Instructions to follow: Could you please retype exactly the lines from the start of the records below through the line that contains "Answer: Doom Metal", both included, and leave out the pictures?

Collection entries:
- - -
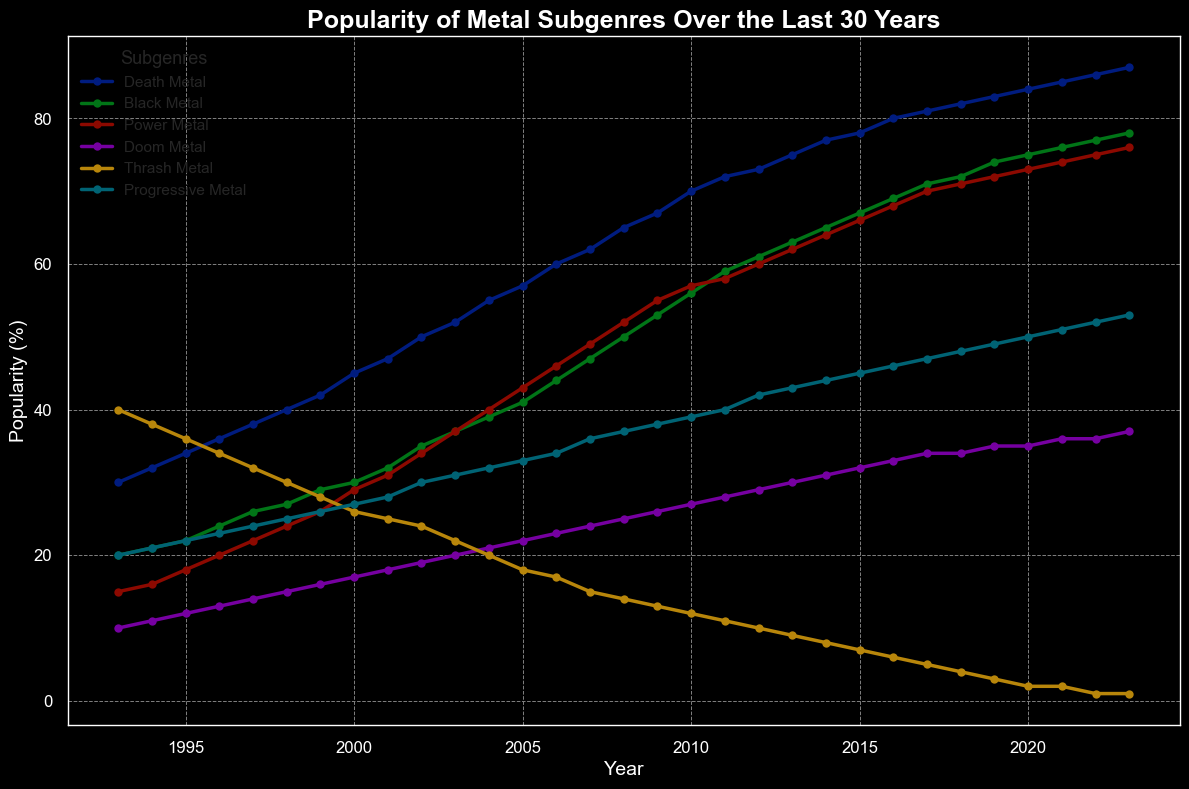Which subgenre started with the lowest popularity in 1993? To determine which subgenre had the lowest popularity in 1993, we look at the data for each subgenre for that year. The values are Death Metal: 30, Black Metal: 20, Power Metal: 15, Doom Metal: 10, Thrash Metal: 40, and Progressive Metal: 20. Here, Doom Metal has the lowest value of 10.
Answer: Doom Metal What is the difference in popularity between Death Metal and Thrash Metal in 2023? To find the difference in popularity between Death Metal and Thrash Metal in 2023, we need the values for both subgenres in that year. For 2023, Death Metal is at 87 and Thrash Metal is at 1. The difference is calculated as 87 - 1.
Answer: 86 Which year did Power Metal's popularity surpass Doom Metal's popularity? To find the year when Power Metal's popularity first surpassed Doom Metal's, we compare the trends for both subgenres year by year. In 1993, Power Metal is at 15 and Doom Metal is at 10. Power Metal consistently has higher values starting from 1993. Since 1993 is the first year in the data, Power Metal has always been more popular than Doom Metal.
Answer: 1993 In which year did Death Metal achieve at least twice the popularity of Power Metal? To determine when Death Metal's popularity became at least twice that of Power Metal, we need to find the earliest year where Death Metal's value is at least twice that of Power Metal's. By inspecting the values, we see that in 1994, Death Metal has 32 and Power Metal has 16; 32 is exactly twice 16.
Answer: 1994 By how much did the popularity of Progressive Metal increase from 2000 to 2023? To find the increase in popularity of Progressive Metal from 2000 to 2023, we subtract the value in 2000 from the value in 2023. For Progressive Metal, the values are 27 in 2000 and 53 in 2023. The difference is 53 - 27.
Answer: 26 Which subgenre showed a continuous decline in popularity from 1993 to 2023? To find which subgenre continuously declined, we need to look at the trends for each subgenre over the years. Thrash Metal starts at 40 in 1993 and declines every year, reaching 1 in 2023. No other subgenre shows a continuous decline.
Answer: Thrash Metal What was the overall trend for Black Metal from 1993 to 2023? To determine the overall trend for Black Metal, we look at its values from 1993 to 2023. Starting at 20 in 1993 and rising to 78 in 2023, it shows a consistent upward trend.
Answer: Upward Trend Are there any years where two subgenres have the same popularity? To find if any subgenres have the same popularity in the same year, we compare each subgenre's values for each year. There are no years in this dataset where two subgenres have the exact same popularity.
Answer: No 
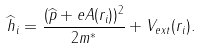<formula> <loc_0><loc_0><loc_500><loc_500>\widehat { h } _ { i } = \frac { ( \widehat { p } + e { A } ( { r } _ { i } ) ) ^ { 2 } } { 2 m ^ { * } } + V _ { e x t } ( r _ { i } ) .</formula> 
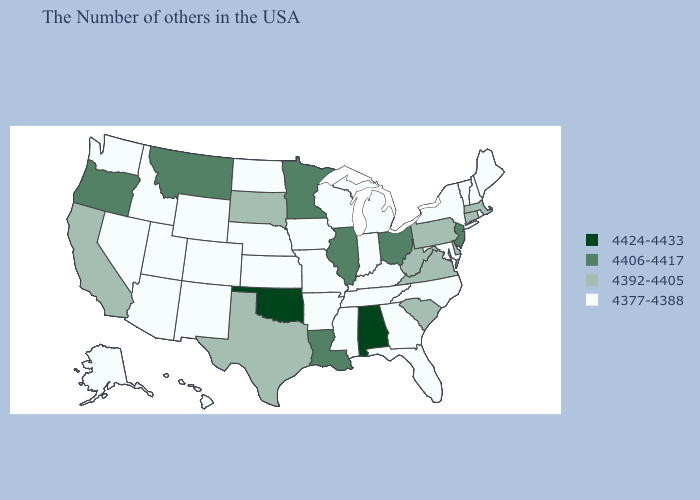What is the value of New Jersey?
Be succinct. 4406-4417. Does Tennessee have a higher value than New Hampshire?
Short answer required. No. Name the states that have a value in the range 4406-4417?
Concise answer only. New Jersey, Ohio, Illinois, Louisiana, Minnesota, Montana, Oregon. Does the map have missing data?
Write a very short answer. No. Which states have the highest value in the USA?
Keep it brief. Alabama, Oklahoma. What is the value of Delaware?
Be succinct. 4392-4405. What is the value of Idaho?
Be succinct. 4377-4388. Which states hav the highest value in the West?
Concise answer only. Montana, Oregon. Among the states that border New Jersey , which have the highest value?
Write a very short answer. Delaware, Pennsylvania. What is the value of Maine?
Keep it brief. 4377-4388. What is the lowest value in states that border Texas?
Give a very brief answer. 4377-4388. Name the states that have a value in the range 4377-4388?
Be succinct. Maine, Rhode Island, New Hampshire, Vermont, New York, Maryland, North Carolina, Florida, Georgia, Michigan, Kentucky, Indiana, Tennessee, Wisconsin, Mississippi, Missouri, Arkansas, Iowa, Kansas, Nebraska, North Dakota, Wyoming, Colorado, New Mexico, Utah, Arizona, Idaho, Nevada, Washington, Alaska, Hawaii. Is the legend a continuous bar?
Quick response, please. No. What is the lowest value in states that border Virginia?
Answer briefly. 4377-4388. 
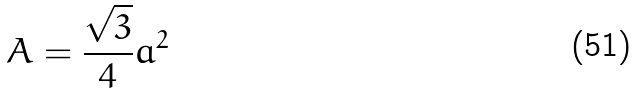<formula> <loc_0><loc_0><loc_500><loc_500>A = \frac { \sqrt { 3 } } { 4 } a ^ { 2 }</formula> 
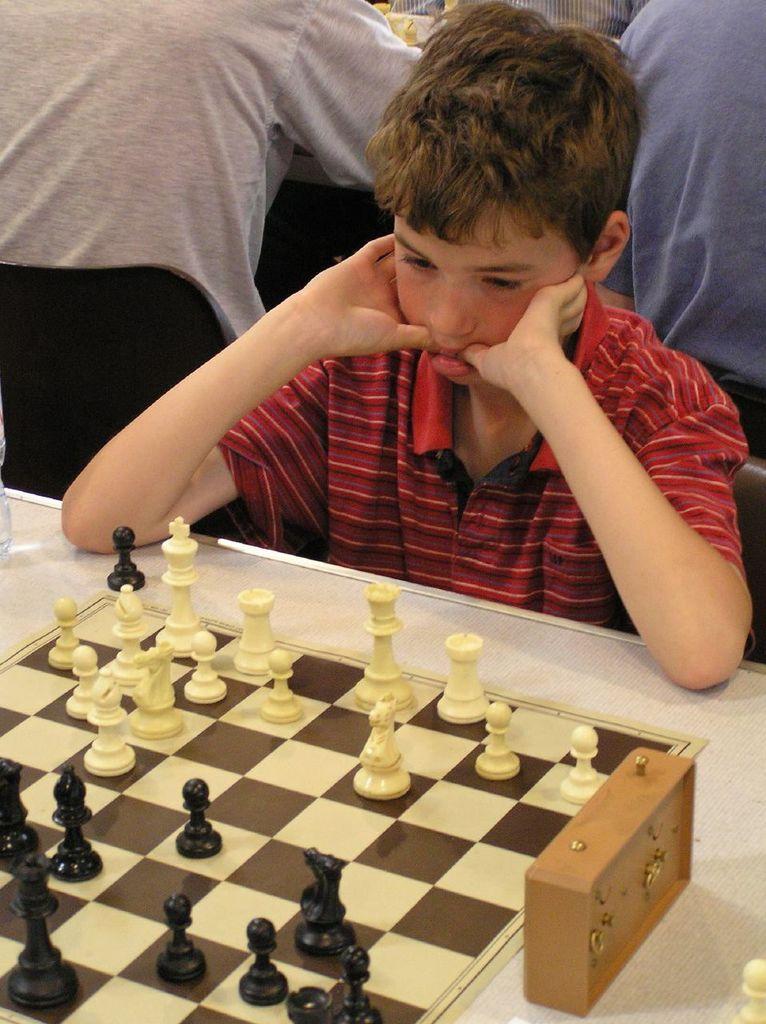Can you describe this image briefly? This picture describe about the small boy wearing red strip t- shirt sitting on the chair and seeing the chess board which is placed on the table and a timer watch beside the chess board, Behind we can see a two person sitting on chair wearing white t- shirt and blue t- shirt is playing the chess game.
- - -
Solution to this task:
Which subgenre started with the lowest popularity in 1993? To determine which subgenre had the lowest popularity in 1993, we look at the data for each subgenre for that year. The values are Death Metal: 30, Black Metal: 20, Power Metal: 15, Doom Metal: 10, Thrash Metal: 40, and Progressive Metal: 20. Here, Doom Metal has the lowest value of 10.
Answer: Doom Metal What is the difference in popularity between Death Metal and Thrash Metal in 2023? To find the difference in popularity between Death Metal and Thrash Metal in 2023, we need the values for both subgenres in that year. For 2023, Death Metal is at 87 and Thrash Metal is at 1. The difference is calculated as 87 - 1.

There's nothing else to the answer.